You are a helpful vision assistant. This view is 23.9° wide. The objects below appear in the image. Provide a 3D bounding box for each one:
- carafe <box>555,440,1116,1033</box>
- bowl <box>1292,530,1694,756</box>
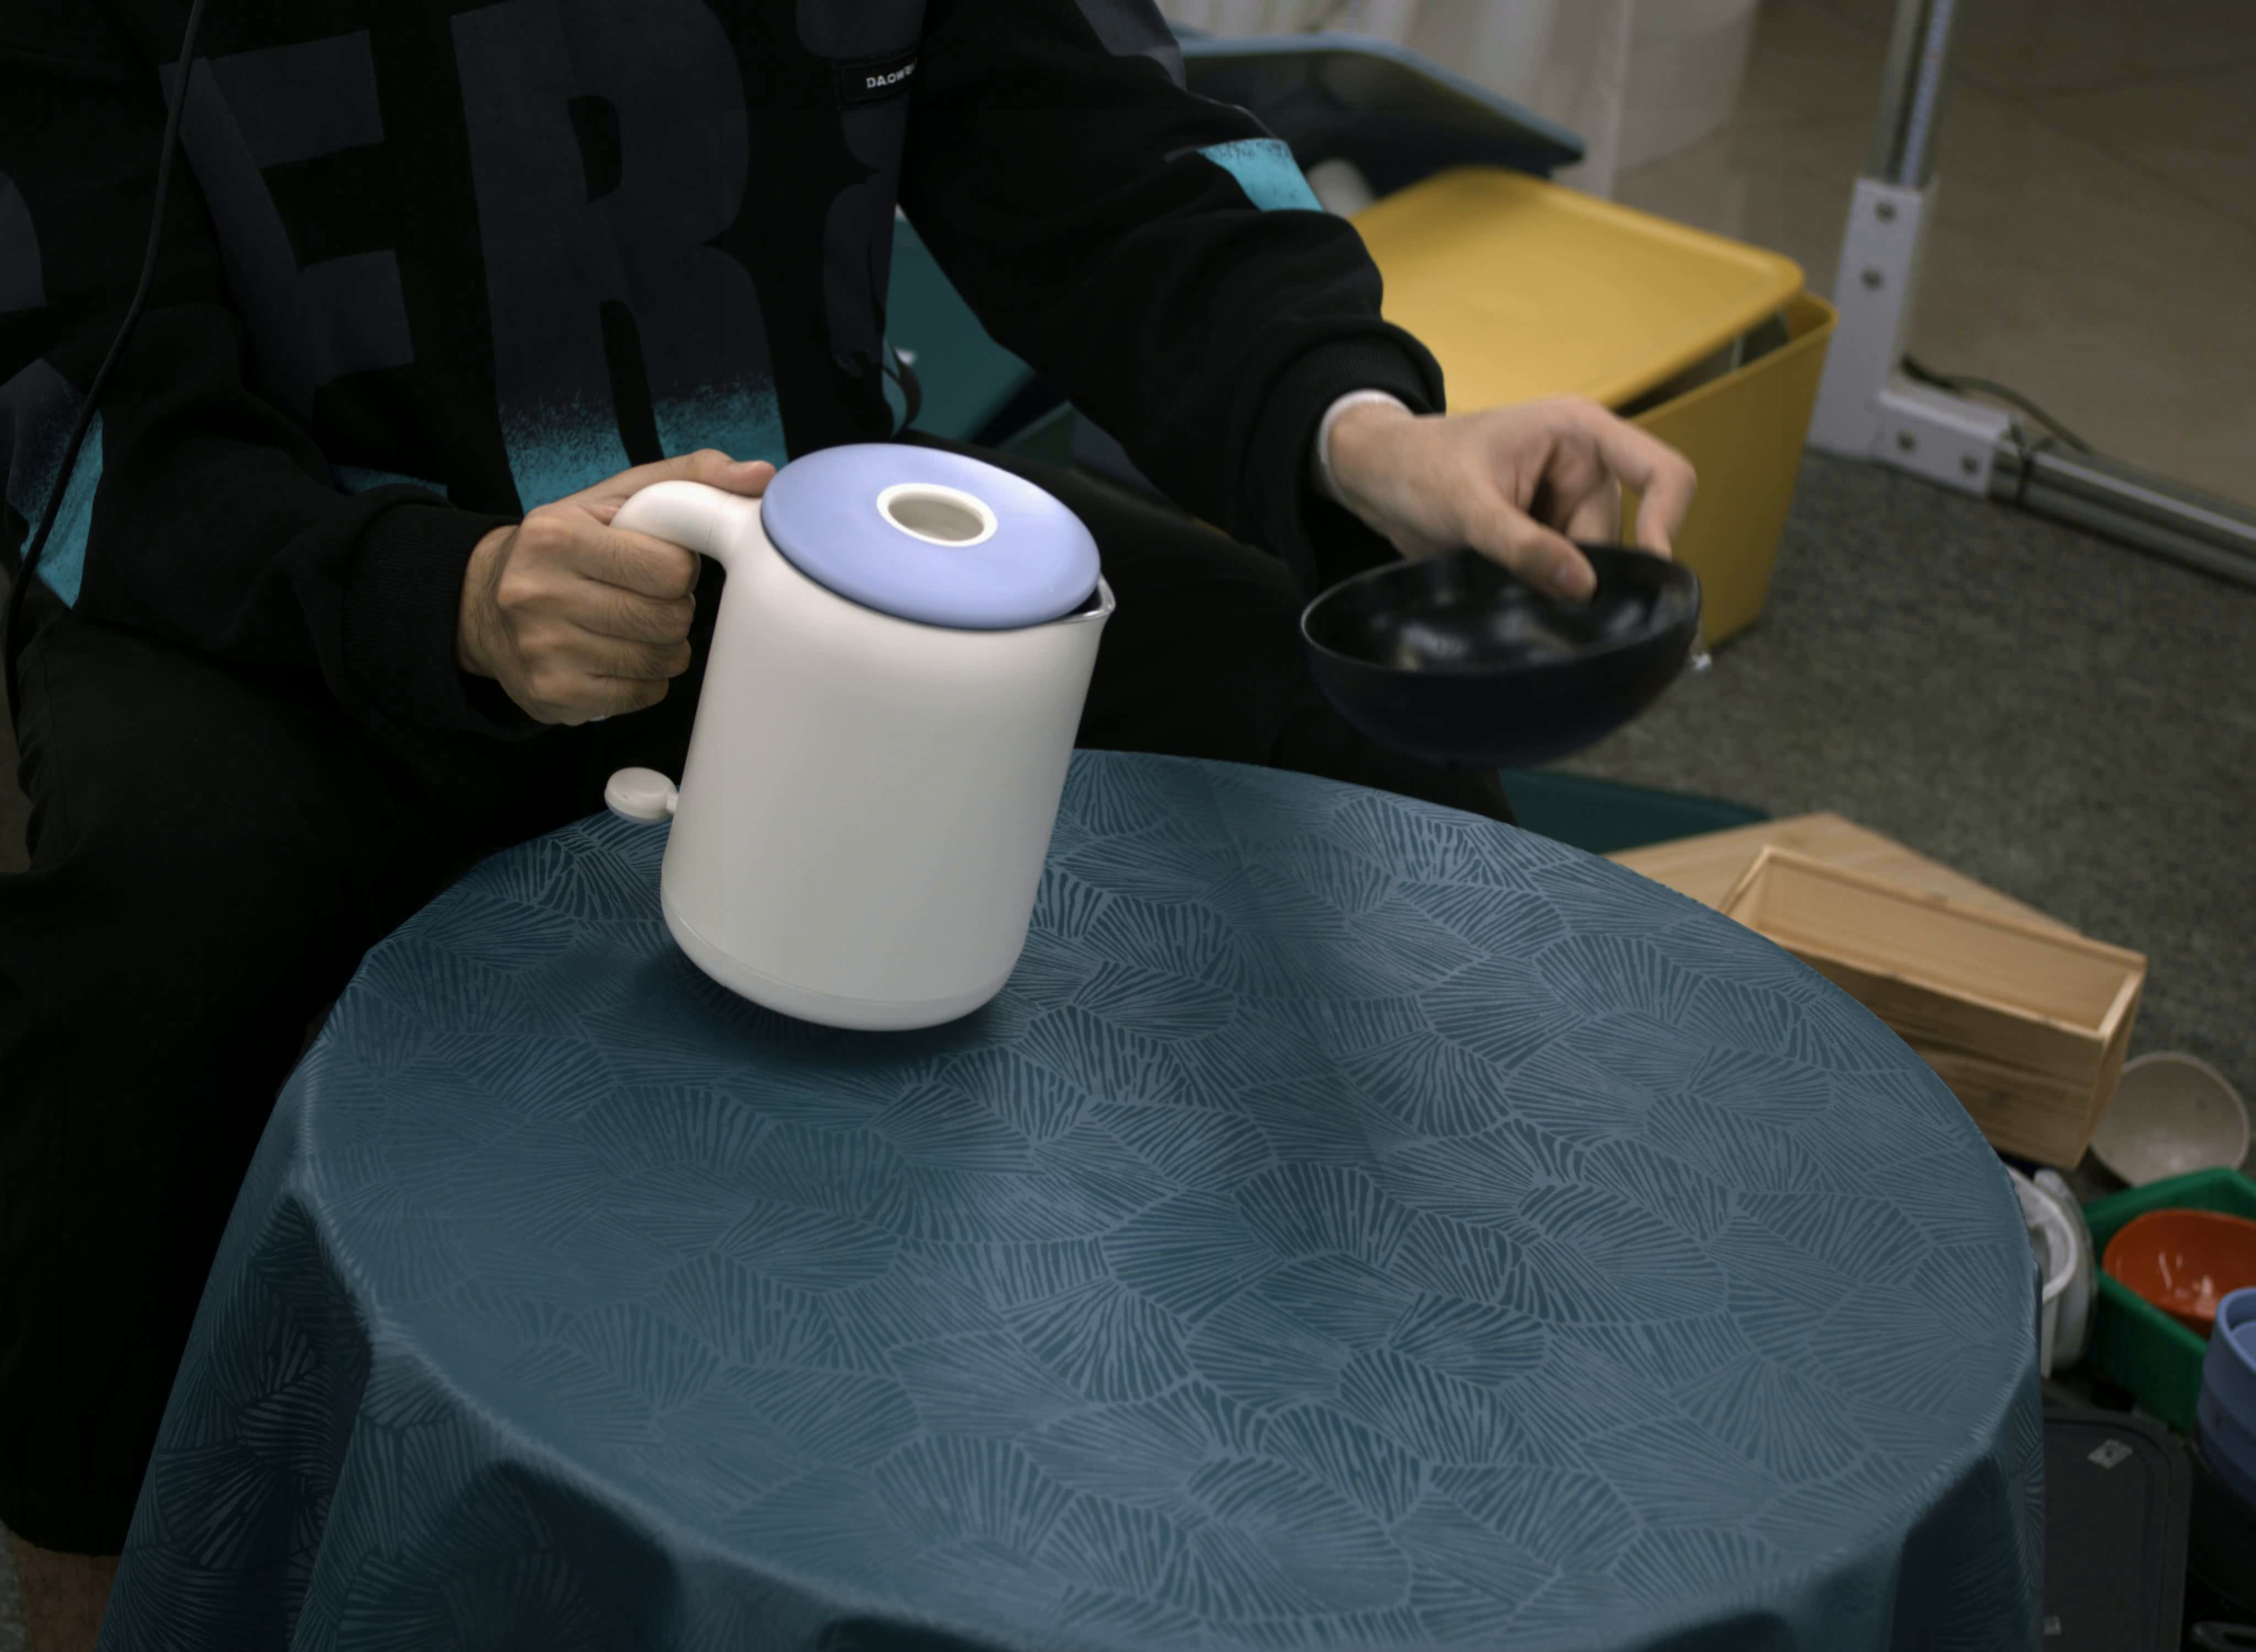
[{"bbox_3d":[-0.108,-0.039,1.857,0.191,0.182,0.132,18,28,11],"label":"carafe"},{"bbox_3d":[0.128,-0.058,1.818,0.140,0.049,0.140,-11,15,3],"label":"bowl"}]

# # # # # # #

== Work instruction ==
Every line of the material is to be quoted exactly, with no pictures carried over.

== Result below ==
You are a helpful vision assistant. This view is 23.9° wide. The objects below appear in the image. Provide a 3D bounding box for each one:
- carafe <box>555,440,1116,1033</box>
- bowl <box>1292,530,1694,756</box>
[{"bbox_3d":[-0.108,-0.039,1.857,0.191,0.182,0.132,18,28,11],"label":"carafe"},{"bbox_3d":[0.128,-0.058,1.818,0.140,0.049,0.140,-11,15,3],"label":"bowl"}]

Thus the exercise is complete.